Material for the task START
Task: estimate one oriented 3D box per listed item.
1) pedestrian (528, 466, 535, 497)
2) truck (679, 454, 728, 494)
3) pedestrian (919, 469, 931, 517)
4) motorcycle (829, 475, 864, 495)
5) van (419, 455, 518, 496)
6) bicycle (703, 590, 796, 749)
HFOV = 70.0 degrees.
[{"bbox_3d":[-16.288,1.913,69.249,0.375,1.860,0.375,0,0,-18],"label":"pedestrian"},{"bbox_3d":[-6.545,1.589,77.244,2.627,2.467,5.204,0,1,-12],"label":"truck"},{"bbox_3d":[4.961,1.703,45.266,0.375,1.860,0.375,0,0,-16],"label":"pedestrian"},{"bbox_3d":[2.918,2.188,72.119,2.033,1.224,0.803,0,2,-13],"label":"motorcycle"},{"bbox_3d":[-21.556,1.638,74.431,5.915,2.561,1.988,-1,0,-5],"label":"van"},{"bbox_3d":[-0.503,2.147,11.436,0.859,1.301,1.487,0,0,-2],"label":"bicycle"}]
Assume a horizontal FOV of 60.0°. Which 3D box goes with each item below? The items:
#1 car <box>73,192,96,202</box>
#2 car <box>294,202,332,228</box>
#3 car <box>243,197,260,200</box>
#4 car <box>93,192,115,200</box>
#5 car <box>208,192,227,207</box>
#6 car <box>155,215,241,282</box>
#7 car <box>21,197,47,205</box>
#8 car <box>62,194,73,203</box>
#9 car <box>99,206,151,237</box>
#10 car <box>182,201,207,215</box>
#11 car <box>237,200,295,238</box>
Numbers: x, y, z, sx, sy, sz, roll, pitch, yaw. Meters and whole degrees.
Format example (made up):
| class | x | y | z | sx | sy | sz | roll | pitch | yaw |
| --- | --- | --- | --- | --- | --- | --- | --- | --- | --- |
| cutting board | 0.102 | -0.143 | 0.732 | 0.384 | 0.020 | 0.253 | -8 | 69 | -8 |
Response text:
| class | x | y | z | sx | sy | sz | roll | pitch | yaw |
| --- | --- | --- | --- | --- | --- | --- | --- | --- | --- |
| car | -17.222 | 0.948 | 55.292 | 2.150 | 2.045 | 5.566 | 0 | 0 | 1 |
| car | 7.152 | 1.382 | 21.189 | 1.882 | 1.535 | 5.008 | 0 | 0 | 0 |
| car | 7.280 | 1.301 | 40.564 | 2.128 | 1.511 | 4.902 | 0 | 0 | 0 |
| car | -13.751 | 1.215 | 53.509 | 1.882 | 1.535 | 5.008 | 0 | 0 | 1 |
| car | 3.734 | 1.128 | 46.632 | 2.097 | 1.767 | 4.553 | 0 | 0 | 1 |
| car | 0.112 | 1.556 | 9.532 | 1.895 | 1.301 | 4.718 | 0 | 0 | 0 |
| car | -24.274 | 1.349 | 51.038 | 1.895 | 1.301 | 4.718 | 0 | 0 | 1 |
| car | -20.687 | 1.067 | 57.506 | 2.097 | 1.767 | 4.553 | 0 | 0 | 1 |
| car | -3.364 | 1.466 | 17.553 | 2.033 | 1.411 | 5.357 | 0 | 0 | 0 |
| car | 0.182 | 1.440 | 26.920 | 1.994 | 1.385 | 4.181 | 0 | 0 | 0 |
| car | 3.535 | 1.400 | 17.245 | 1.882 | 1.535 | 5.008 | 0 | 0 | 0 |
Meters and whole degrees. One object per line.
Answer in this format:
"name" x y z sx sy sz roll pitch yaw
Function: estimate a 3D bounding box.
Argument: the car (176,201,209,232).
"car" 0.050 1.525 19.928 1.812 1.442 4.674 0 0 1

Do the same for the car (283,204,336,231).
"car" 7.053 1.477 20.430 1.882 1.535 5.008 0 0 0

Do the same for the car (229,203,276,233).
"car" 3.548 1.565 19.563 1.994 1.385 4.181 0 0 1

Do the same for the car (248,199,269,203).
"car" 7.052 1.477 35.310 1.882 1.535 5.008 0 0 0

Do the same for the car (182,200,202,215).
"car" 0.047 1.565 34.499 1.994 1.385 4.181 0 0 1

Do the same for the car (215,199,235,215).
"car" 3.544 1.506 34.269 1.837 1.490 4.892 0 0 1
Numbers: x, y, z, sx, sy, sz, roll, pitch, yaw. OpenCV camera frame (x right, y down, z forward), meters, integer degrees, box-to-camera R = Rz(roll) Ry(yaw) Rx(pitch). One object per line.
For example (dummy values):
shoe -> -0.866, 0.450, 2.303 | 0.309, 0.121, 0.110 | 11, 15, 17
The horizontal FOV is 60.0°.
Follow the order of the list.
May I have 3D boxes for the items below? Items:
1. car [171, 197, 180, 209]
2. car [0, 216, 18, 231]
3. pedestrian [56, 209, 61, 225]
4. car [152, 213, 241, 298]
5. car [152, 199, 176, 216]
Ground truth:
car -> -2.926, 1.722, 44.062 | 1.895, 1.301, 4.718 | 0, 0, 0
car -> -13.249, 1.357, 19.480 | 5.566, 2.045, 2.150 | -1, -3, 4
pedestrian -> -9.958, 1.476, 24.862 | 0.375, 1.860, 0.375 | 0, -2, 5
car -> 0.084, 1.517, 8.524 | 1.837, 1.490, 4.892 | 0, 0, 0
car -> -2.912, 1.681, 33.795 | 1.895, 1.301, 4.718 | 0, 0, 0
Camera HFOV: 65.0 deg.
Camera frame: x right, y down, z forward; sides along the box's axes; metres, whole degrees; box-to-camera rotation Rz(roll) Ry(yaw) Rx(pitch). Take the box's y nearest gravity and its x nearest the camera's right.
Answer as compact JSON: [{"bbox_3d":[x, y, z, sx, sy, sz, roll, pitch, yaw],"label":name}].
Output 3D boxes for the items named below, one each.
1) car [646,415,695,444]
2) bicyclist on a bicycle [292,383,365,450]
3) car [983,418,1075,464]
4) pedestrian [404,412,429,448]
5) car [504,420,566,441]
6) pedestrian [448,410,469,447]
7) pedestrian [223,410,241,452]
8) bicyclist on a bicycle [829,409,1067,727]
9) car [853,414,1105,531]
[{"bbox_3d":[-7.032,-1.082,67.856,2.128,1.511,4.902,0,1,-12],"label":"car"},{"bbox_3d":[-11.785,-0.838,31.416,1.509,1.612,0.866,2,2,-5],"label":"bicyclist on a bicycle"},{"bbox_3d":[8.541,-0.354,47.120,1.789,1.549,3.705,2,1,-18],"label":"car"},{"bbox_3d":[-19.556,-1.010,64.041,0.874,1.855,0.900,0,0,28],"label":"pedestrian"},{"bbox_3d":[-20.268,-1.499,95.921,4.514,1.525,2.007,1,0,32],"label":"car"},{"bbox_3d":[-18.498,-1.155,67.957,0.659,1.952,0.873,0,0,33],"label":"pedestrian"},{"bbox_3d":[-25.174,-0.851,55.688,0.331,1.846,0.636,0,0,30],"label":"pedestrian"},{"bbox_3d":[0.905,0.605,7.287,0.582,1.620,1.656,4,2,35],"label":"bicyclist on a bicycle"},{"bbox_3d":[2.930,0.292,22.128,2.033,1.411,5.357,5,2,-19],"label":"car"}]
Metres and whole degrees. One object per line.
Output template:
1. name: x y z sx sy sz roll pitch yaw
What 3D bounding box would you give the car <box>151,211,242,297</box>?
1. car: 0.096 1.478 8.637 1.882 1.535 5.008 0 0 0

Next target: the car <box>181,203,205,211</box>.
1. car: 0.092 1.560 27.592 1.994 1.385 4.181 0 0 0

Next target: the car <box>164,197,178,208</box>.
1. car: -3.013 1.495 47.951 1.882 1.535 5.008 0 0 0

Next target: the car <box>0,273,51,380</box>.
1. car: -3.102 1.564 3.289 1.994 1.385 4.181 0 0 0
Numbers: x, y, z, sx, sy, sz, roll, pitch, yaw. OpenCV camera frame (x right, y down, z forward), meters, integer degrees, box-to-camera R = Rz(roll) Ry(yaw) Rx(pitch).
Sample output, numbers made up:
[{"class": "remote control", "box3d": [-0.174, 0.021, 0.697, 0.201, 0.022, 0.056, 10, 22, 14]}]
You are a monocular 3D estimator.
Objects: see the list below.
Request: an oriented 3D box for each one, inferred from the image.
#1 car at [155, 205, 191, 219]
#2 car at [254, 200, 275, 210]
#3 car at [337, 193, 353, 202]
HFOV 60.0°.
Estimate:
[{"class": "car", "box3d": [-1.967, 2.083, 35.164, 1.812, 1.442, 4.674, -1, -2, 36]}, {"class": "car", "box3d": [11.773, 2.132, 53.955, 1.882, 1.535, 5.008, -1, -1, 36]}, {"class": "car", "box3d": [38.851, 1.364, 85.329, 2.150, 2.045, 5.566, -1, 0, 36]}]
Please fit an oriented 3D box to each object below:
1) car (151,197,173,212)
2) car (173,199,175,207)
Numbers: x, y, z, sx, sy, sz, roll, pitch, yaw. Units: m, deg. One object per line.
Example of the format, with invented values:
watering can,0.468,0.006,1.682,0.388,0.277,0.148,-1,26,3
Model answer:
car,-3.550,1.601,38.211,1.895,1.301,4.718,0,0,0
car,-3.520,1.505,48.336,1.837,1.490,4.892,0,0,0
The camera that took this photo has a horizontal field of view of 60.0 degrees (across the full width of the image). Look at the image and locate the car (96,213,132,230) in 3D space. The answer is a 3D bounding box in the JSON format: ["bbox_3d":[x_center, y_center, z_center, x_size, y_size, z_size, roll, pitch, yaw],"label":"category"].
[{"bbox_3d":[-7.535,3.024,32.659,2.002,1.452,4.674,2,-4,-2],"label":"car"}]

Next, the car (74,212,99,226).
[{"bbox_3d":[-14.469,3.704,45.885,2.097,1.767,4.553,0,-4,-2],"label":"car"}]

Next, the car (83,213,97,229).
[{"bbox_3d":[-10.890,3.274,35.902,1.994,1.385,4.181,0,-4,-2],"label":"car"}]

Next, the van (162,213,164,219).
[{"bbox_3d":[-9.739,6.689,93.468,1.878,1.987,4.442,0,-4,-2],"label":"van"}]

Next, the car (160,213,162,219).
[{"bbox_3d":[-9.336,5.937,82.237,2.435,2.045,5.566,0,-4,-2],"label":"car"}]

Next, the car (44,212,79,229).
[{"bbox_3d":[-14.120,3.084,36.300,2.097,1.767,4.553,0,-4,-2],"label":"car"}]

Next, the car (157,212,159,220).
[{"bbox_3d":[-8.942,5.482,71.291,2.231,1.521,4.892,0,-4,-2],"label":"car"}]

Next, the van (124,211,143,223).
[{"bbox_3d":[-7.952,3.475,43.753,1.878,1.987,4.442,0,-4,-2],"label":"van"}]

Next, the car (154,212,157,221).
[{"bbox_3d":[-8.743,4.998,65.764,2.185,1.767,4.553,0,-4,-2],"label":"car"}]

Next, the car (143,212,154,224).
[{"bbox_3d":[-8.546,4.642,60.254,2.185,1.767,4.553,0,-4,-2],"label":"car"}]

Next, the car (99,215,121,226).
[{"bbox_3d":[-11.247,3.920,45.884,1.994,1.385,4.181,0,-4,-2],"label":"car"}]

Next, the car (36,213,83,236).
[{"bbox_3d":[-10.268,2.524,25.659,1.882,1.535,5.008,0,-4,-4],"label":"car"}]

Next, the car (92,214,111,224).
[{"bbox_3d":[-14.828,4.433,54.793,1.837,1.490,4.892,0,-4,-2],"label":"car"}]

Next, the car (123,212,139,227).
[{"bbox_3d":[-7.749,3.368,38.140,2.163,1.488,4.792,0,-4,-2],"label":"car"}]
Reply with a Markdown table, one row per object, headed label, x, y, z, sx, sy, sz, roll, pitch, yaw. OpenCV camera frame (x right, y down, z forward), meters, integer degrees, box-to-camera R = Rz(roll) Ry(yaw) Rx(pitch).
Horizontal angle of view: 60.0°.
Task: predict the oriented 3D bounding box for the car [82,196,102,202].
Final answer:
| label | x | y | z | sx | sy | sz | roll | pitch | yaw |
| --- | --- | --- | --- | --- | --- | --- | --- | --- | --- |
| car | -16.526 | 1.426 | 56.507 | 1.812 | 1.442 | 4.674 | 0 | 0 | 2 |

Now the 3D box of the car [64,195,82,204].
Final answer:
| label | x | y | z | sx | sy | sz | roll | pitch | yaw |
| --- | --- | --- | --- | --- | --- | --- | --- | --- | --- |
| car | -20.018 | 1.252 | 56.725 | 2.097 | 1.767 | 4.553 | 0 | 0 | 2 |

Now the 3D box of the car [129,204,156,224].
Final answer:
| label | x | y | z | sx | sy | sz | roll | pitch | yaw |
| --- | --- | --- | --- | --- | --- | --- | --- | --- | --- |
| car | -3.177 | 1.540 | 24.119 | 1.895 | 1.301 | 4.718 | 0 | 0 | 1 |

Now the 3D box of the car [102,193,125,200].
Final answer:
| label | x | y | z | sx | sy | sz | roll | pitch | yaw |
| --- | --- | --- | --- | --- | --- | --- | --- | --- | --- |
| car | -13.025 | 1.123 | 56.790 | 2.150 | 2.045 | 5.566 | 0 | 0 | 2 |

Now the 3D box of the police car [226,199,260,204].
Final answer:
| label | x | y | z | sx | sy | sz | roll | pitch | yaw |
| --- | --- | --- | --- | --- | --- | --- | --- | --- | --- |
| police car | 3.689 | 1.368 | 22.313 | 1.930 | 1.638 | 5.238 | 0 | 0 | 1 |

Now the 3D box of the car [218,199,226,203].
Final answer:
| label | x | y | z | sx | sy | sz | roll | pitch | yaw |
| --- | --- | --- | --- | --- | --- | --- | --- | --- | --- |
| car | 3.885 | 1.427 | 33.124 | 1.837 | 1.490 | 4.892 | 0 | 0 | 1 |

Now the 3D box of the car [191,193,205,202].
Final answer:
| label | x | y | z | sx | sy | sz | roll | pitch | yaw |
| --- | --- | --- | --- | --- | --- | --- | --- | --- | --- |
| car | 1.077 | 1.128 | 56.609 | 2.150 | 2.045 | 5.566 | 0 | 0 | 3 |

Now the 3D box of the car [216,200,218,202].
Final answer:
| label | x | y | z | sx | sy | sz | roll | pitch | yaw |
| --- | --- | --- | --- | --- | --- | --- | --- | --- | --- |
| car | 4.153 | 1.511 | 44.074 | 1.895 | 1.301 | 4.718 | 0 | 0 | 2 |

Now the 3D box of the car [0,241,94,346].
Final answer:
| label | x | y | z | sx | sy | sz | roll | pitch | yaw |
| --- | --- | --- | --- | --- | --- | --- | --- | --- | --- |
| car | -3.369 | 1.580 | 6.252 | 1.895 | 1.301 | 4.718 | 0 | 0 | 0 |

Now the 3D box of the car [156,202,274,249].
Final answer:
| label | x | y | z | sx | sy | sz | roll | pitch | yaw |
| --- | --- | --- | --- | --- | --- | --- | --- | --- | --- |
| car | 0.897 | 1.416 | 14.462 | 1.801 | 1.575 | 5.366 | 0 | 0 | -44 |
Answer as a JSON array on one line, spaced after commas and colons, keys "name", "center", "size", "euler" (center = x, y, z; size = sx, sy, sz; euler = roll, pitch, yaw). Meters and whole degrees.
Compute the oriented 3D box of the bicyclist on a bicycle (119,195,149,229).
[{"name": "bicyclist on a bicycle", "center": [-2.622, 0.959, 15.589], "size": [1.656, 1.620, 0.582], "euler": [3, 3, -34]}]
Material for the task END
Instructions to follow: The entries above hold the needed span. Transcribe exactly the lines from the one with "5. car [152, 199, 176, 216]" to the one with "1. name: x y z sx sy sz roll pitch yaw", both included.

Solution to this task:
5. car [152, 199, 176, 216]
Ground truth:
car -> -2.926, 1.722, 44.062 | 1.895, 1.301, 4.718 | 0, 0, 0
car -> -13.249, 1.357, 19.480 | 5.566, 2.045, 2.150 | -1, -3, 4
pedestrian -> -9.958, 1.476, 24.862 | 0.375, 1.860, 0.375 | 0, -2, 5
car -> 0.084, 1.517, 8.524 | 1.837, 1.490, 4.892 | 0, 0, 0
car -> -2.912, 1.681, 33.795 | 1.895, 1.301, 4.718 | 0, 0, 0
Camera HFOV: 65.0 deg.
Camera frame: x right, y down, z forward; sides along the box's axes; metres, whole degrees; box-to-camera rotation Rz(roll) Ry(yaw) Rx(pitch). Take the box's y nearest gravity and its x nearest the camera's right.
Answer as compact JSON: [{"bbox_3d":[x, y, z, sx, sy, sz, roll, pitch, yaw],"label":name}].
Output 3D boxes for the items named below, one each.
1) car [646,415,695,444]
2) bicyclist on a bicycle [292,383,365,450]
3) car [983,418,1075,464]
4) pedestrian [404,412,429,448]
5) car [504,420,566,441]
6) pedestrian [448,410,469,447]
7) pedestrian [223,410,241,452]
8) bicyclist on a bicycle [829,409,1067,727]
9) car [853,414,1105,531]
[{"bbox_3d":[-7.032,-1.082,67.856,2.128,1.511,4.902,0,1,-12],"label":"car"},{"bbox_3d":[-11.785,-0.838,31.416,1.509,1.612,0.866,2,2,-5],"label":"bicyclist on a bicycle"},{"bbox_3d":[8.541,-0.354,47.120,1.789,1.549,3.705,2,1,-18],"label":"car"},{"bbox_3d":[-19.556,-1.010,64.041,0.874,1.855,0.900,0,0,28],"label":"pedestrian"},{"bbox_3d":[-20.268,-1.499,95.921,4.514,1.525,2.007,1,0,32],"label":"car"},{"bbox_3d":[-18.498,-1.155,67.957,0.659,1.952,0.873,0,0,33],"label":"pedestrian"},{"bbox_3d":[-25.174,-0.851,55.688,0.331,1.846,0.636,0,0,30],"label":"pedestrian"},{"bbox_3d":[0.905,0.605,7.287,0.582,1.620,1.656,4,2,35],"label":"bicyclist on a bicycle"},{"bbox_3d":[2.930,0.292,22.128,2.033,1.411,5.357,5,2,-19],"label":"car"}]
Metres and whole degrees. One object per line.
Output template:
1. name: x y z sx sy sz roll pitch yaw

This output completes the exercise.